Następnego dnia cała ekipa została zaproszona na polski koncert do pobliskiego domu kultury. - Zakładaliśmy, że potrwa to jakiś kwadrans i usłyszymy dwie piosenki w stylu „Wlazł kotek” - uśmiecha się pan Maciek. - Tymczasem czekał nas prawie dwugodzinny program, cały w języku polskim, z kilkudziesięcioma wykonawcami i tancerzami, od małych dzieci do studentów. Mieszkam w Toruniu, na granicy Pomorza i Kujaw, kiedy więc zobaczyłem, jak 12 par tańczy ponad 8 tys. km od Polski kujawiaka, coś chwyciło mnie mocniej za serce. I chociaż na co dzień słucham zupełnie innej muzyki, to wspólnie z nimi śpiewałem „Stokrotkę” czy „Serce w plecaku” - wspomina.

Sto osób dziennie

Kolejny dzień rozpoczęli od wizyty na polskim cmentarzu, potem przyjazd do polskiej szkoły i pierwsza grupa pacjentów.
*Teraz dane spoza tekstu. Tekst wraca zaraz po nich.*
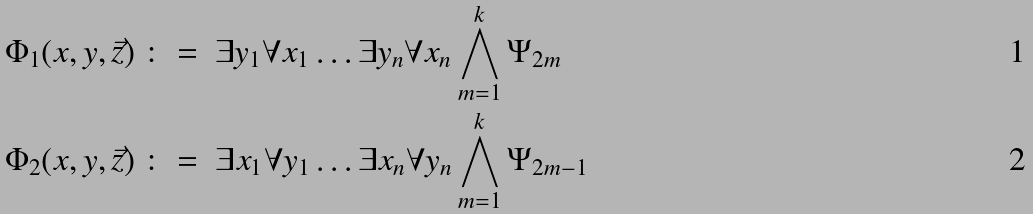<formula> <loc_0><loc_0><loc_500><loc_500>\Phi _ { 1 } ( x , y , \vec { z } ) \ & \colon = \ \exists y _ { 1 } \forall x _ { 1 } \dots \exists y _ { n } \forall x _ { n } \bigwedge _ { m = 1 } ^ { k } \Psi _ { 2 m } \\ \Phi _ { 2 } ( x , y , \vec { z } ) \ & \colon = \ \exists x _ { 1 } \forall y _ { 1 } \dots \exists x _ { n } \forall y _ { n } \bigwedge _ { m = 1 } ^ { k } \Psi _ { 2 m - 1 }</formula>

Szybko ustawili ławki, wypakowali sprzęt i przeszmuglowane okulary z kartonów po butach i... wzięli się do roboty. - W tym roku zaaranżowaliśmy dwa stanowiska i dzięki temu przebadaliśmy prawie setkę osób dziennie. Wieczorem jakiś poczęstunek, obowiązkowa degustacja lokalnych spirytualiów (często produkowanych bez pełnego nadzoru Federacji Rosyjskiej), rozkładanie śpiworów, a rano dalej w drogę - opowiada Maciej Karczewski. Tak badali przez dwa dni w Abakanie, potem w Szuszynskoje, kolejne dni w Minusinsku, aż w końcu w Znamience. Tam spędzili trzy dni, badając nie tylko Polaków, ale także Rosjan, Ukraińców, Chakasów, Buriatów i każdego, kto tego potrzebował.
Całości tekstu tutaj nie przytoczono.